The mean age of patients from the NHDS (hospital discharge) data set was just over 42 years old, and AAs made up the majority of the study group (Table 1). Race was not reported for 29.1% of patients with HIV-PAH in the NHDS data set. Mean age could not be obtained for the NVSS data set, but it was observed that the group consisted of a slightly higher percentage of white patients than AA patients.

Table 1.

Demographic characteristics of patients with human immunodeficiency virus infection–associated pulmonary arterial hypertension

Characteristic	NHDS data (n = 797)	NVSS data (n = 254)	Sitbon et al.³ (n = 35)
Age, years, mean (SD)	42.5 (7.8)	…^a	41.81 (8.04)
Male sex	59.7	60.2	71
Race:
White	5.8	57.1	80
African American	54.2	42.5	17
Other	10.9	0.4	3
Not reported	29.1	…^b	…^b

Open in a new tab

^Note

Data are percentage of patients, unless otherwise indicated. NHDS: National Hospital Discharge Survey; NVSS: National Vital Statistics Systems; SD: standard deviation.

Mean age cannot be calculated using Centers for Disease Control and Prevention Wide-ranging Online Data for Epidemiologic Research website.

Race was reported for all cases.

Seven hundred ninety-seven of 1,944,365 discharged patients were identified as having HIV-PAH, leading to an estimated prevalence of 0.04%. In comparison, 254 of 165,714 decedents with HIV infection or AIDS were identified as having HIV-PAH, resulting in a prevalence of 0.15%. The prevalences of HIV-PAH at hospital discharge and death were significantly lower (P < 0.001) than the HIV-PAH prevalence of 0.5% reported previously in the literature (Fig. 1). The lower prevalences of HIV-PAH observed in the NHDS (hospital discharge) and NVSS (mortality) data sets were independent of race (Table 2).

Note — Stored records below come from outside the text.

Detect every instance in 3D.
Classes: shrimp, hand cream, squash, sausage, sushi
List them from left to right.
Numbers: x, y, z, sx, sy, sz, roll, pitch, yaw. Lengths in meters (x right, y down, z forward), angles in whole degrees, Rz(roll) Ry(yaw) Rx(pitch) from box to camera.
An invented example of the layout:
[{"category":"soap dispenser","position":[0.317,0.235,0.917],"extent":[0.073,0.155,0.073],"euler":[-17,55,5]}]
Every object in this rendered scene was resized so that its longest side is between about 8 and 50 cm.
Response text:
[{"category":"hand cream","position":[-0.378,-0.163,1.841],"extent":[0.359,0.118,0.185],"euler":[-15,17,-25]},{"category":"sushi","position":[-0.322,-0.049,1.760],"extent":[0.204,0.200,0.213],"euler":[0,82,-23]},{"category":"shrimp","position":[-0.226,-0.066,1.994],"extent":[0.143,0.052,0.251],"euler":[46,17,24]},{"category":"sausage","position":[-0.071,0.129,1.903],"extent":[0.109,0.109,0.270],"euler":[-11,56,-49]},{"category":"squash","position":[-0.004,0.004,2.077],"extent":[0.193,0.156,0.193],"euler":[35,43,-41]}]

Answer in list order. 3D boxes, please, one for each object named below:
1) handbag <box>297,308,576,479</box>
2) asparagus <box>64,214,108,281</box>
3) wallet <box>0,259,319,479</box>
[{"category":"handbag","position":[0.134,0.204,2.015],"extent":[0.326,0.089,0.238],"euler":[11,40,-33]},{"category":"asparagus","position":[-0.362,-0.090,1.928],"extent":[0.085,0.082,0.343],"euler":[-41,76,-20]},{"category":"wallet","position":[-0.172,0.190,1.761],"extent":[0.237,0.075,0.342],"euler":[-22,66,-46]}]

Comparison of human immunodeficiency virus infection associated with pulmonary arterial hypertension (HIV-PAH) prevalence at hospital discharge and death versus reported HIV-PAH prevalence. AAs: African American patients; NHDS: National Hospital Discharge Survey; NVSS: National Vital Statistics Systems; Tot: total; Whites: white patients.

Table 2.

Prevalence of human immunodeficiency virus (HIV) infection–associated pulmonary arterial hypertension (PAH) by race

Race	NHDS	NVSS	Sitbon et al.³	P value (NHDS vs. Sitbon et al.³)
White	0.009 (46/534,728)	0.198 (145/7,319)	0.488 (28/5,736)	<0.001
African American	0.042 (432/1,021,622)	0.119 (108/90,452)	0.327 (6/1,835)	<0.001
Overall^a	0.041 (797/1,944,365)	0.153 (254/165,714)	0.458 (35/7,648)	<0.001

Open in a new tab

^Note

Data are prevalence (no. of patients with PAH/no. of patients with HIV infection). Prevalence was compared between white and African American patients only. NHDS: National Hospital Discharge Survey; NVSS: National Vital Statistics Systems.

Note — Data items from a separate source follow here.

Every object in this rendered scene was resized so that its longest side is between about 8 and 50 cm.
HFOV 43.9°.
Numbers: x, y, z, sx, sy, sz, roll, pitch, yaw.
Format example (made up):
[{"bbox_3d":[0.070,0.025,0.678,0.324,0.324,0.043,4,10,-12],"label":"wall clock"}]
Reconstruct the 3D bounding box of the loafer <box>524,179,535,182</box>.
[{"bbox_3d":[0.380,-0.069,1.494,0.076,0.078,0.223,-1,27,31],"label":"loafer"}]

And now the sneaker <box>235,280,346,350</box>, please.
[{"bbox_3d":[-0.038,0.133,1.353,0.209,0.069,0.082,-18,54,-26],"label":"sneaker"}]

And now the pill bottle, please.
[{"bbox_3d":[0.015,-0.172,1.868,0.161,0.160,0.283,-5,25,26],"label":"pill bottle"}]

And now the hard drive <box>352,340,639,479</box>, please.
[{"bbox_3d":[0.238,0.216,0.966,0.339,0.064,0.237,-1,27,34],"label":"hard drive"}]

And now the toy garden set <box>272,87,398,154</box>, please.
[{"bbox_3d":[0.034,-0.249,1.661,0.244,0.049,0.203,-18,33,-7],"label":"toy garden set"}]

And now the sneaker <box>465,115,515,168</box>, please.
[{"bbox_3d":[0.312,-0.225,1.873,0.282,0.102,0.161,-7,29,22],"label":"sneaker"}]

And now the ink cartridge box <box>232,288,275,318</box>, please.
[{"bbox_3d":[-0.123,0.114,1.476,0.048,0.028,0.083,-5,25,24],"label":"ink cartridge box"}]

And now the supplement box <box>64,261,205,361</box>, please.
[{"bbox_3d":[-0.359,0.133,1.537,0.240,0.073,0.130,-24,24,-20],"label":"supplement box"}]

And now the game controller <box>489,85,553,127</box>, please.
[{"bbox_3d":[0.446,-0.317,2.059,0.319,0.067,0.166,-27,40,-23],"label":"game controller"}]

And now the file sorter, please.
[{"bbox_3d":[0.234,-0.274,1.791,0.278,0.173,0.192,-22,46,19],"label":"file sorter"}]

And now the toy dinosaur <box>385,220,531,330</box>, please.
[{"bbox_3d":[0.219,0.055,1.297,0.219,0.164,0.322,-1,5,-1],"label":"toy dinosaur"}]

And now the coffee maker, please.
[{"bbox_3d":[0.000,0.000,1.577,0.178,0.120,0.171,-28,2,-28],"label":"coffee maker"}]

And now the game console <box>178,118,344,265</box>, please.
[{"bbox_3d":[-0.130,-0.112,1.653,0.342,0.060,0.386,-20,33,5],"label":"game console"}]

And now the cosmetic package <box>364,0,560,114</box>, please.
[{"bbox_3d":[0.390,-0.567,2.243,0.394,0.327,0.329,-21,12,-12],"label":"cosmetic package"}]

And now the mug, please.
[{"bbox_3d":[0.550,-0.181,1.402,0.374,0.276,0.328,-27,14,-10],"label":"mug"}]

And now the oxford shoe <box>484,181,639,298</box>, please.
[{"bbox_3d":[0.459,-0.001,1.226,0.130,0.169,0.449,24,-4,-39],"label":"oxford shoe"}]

Overall includes patients of races other than white and African American; therefore, total number of cases exceeds the sum of white and African American patients.

Prevalences for HIV-infected patients discharged from the hospital were highest among those 25–44 years old, followed by those 45–64 years old. As a group, women had higher HIV-PAH prevalences than men for both the NHDS (hospital discharge) and NVSS (mortality) data sets (Fig. 2). On the basis of the NHDS (hospital discharge) data, AA patients had higher prevalences of PAH than white patients irrespective of HIV status (Fig. 3). Review of the NVSS (mortality) data, however, showed a higher prevalence of HIV-PAH among white patients (Fig. 4). The prevalence of nonprimary pulmonary hypertension (ICD-9 codes 416.8 and 416.9) was 0.57% for both AA and white HIV-infected patients at hospital discharge.

Prevalence of human immunodeficiency virus infection associated with pulmonary arterial hypertension (HIV-PAH) by sex. NHDS: National Hospital Discharge Survey; NVSS: National Vital Statistics Systems.

Prevalence of pulmonary arterial hypertension (PAH) among white and African American patients at hospital discharge, comparing patients with human immunodeficiency virus (HIV) infection versus patients without HIV infection (Non-HIV).

Prevalence of human immunodeficiency virus infection associated with pulmonary arterial hypertension at death for National Vital Statistics Systems (NVSS) data overall and by white or African American race.

The majority of patients discharged from the hospital, irrespective of diagnosis, were classified as routine discharges to home. The most common discharge status for patients with HIV-PAH after discharge to home (84.7%) was either leaving against medical advice (7.5%) or death (6%). In contrast, both HIV-infected patients without PAH and non–HIV-infected patients with PAH had “transfer to a long-term care facility” documented as the second most common discharge category (Fig. 5). The differences between the percentage of patients within each discharge status for patients with HIV-PAH versus either HIV-infected patients without PAH or non–HIV-infected patients with PAH was statistically significant for all categories of discharge status reviewed (P < 0.05).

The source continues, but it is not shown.